Using fgets provides 2 advantages

  1. More control, you know you have exactly 1 line the are no extra characters interfering with your parsing of the data
  2. You limit the amount of data read to your buffer size so there is no chance of an out of bounds array access

More control, you know you have exactly 1 line the are no extra characters interfering with your parsing of the data

With the caveat that your second advantage interferes with the first.

You limit the amount of data read to your buffer size so there is no chance of an out of bounds array access

If the line is longer than the buffer size, multiple calls to fgets are required to get all of it. Ignoring stream errors, fgets will read up to the buffer size (the second argument) or a newline is extracted, or end-of-file. Robust code would account for all of those possibilities:

char *line = NULL;
char buf[BUFSIZ];

while (fgets(buf, sizeof buf, in) != NULL)
{
    size_t end = append_str(&line, buf);

    // Did we read a full line?
    if (line[end] == '\n' || feof(in))
    {
        break;
    }
}

if (line == NULL)
{
    // Handle no input
}

What happens in this case? It was able to deal with the /n.

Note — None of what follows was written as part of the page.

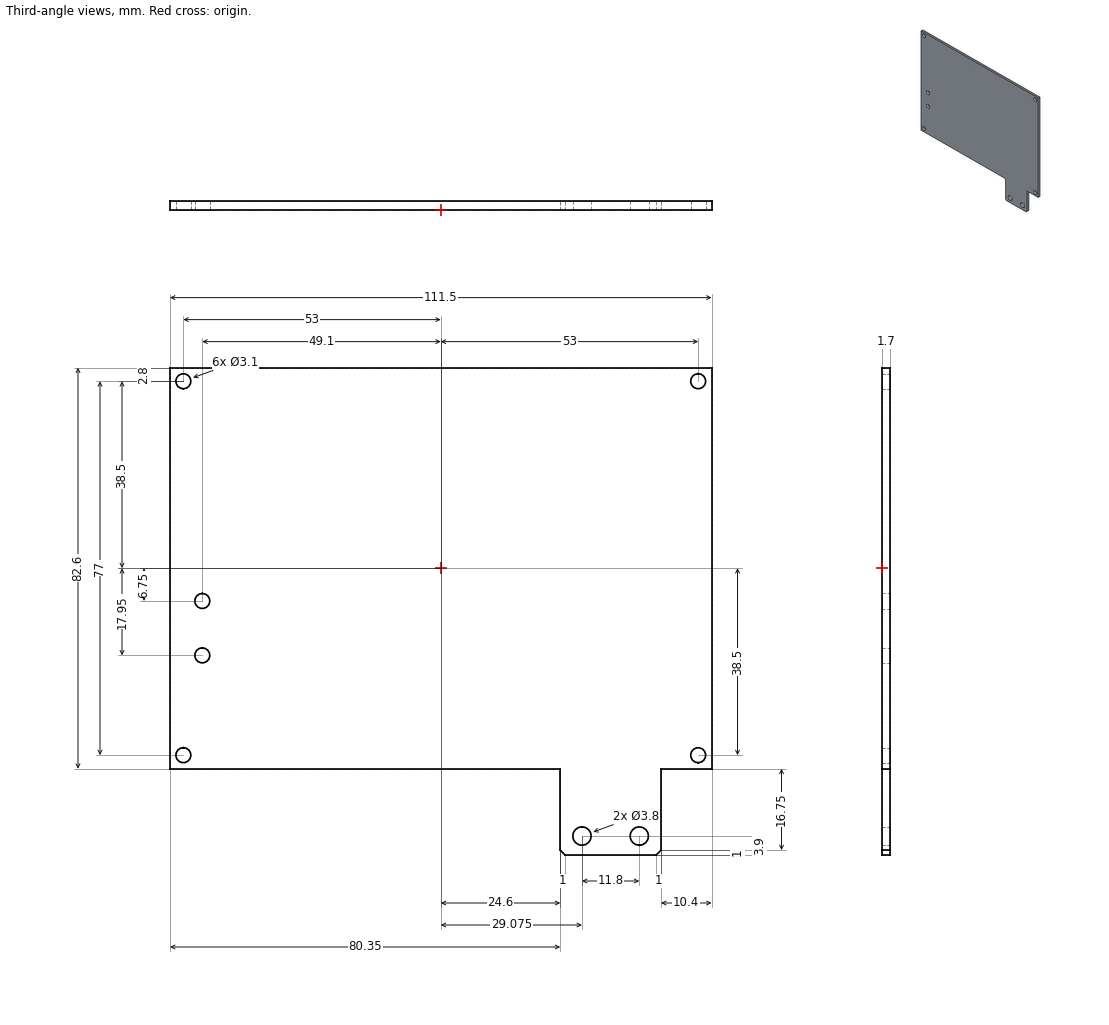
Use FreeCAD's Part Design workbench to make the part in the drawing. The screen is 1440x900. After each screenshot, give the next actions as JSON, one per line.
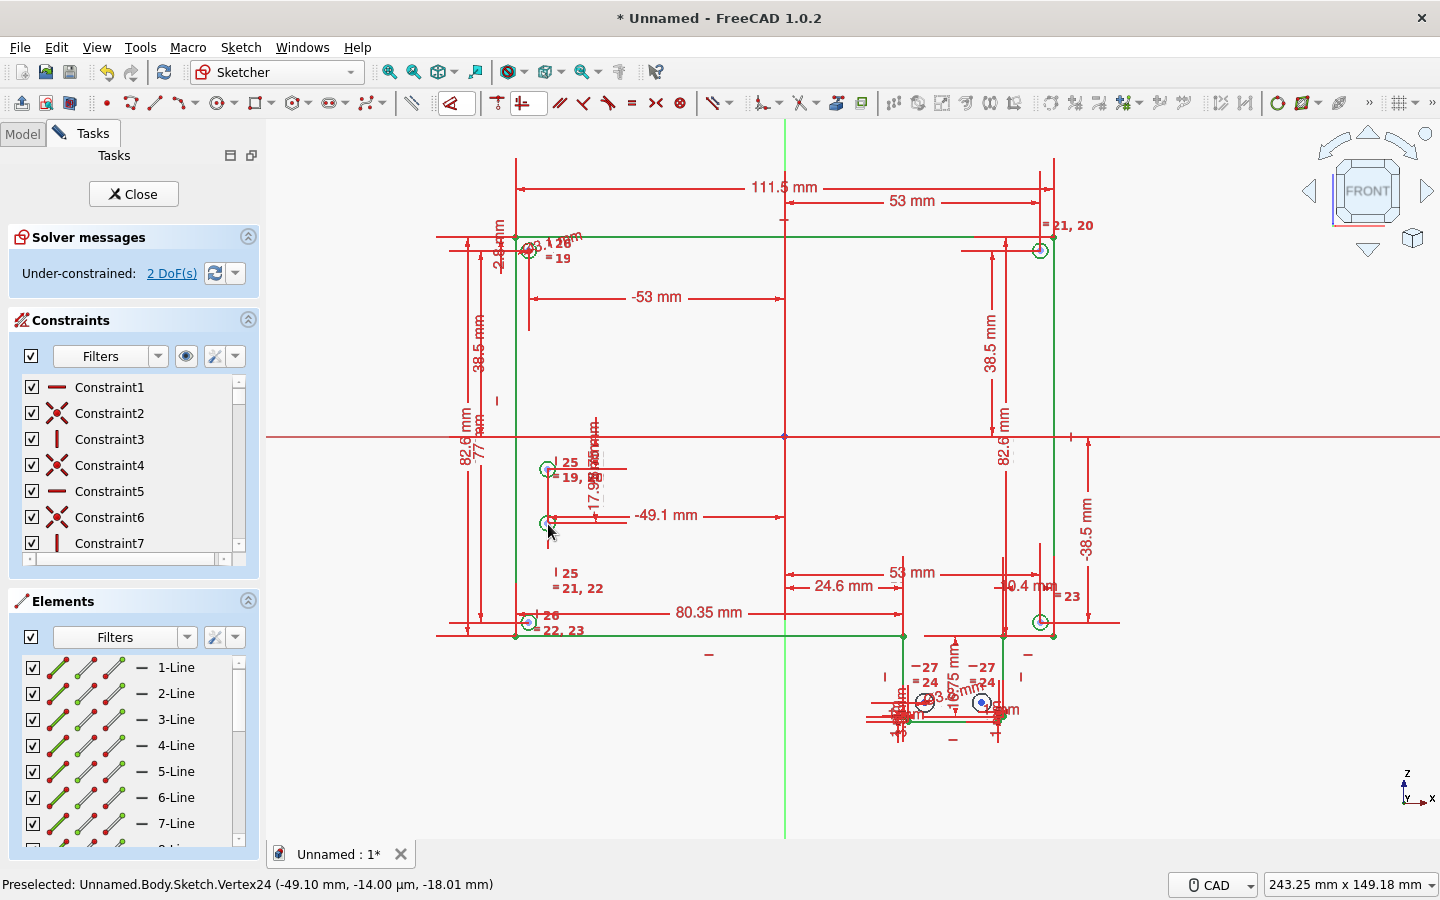
{"action": "left_click", "coordinate": [925, 703]}

    while (fscanf(init_dat_fp, "%s %d",  nam, &val) !=EOF)
    {
        //sscanf(line1, "%s %s %x", label, mneumonic ,&start_address);
        init_name_table[counter] = malloc(strlen(nam)+1);
        strcpy(init_name_table[counter], nam);
        init_value_table[counter] = val;
        strcpy(table[counter].id, nam);
        table[counter].value = val;
        printf(" init_name_table[counter] is %s \n", init_name_table[counter]);
        printf(" init_value_table[counter] is %d \n", init_value_table[counter]);
        counter++;
        memset(nam, 0, 80);
        val = 0;
        table_size = counter;  
    }

The problem stems from the %c format specifier which reads a character and since newline is a character it can be read by %c. All other format specifiers, %s, %d etc use white space as field delimiters and so the white space, including newlines is automatically consumed.

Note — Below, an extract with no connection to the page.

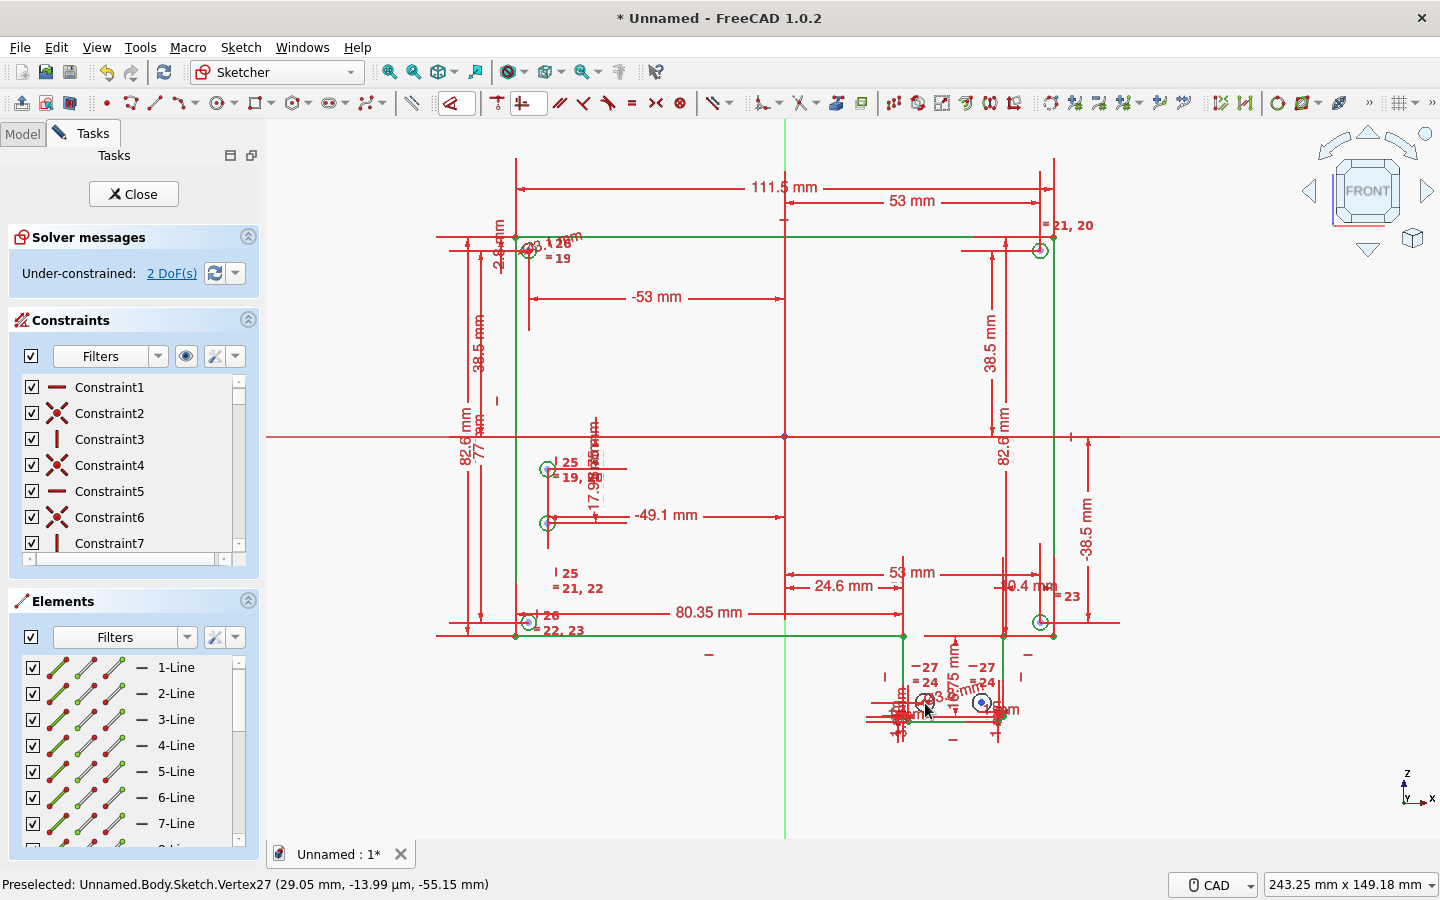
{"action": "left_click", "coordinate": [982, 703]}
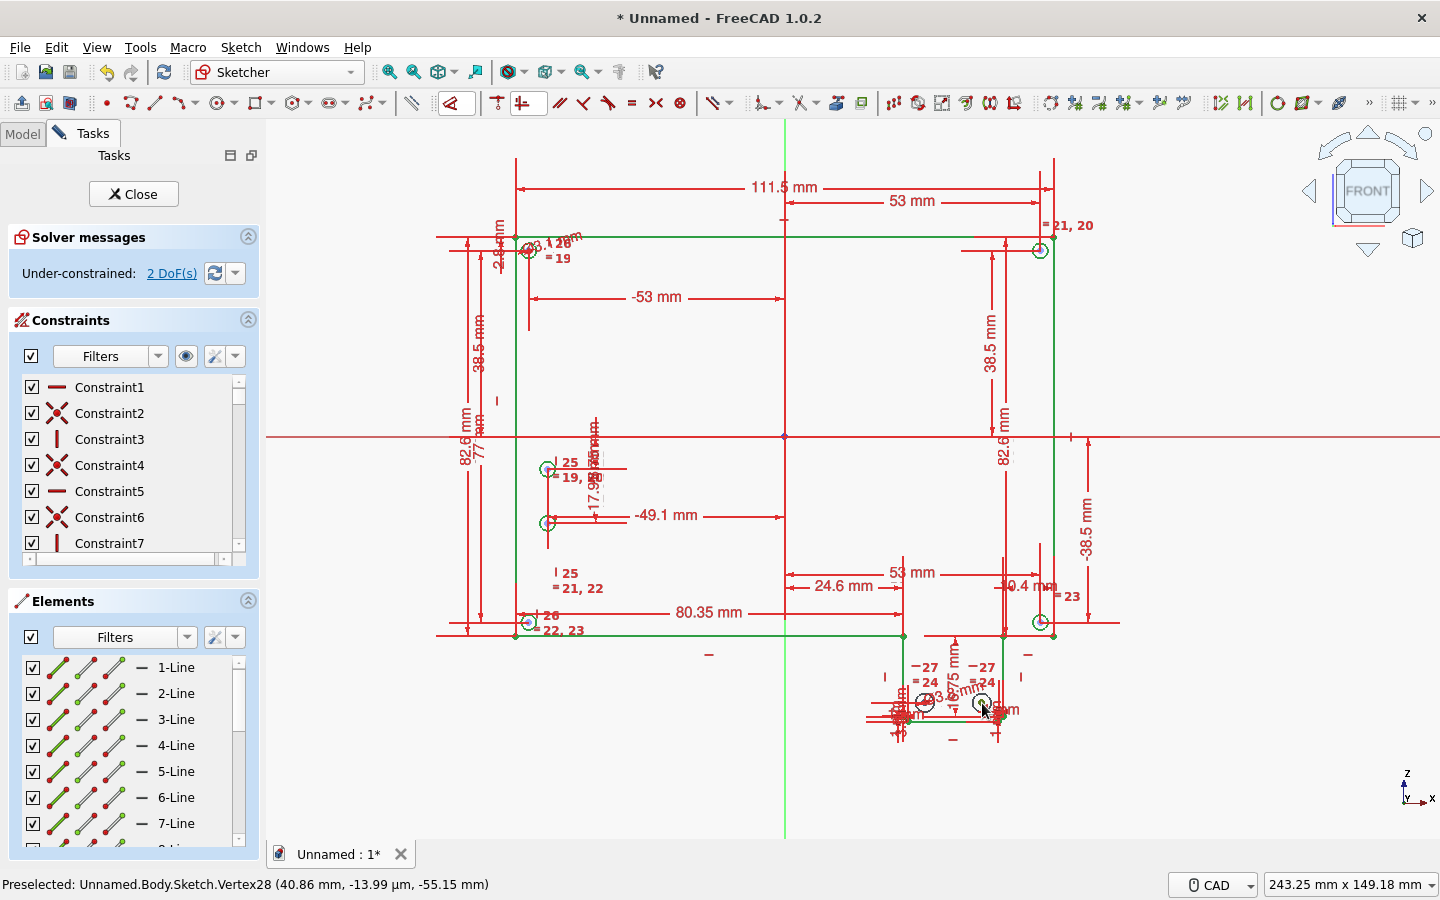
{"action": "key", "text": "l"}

What happens is on the first read the newline after the number read by %d is left in the input string but is then skipped in the second read to find the first non-white space character for the %s

First loop read R, XXXX
File stream contains \nR DISNEY\n
Second loop skip \n (it is white space), read R DISNEY

Although of course now you are reading a number so the input data must have changed but you get the idea.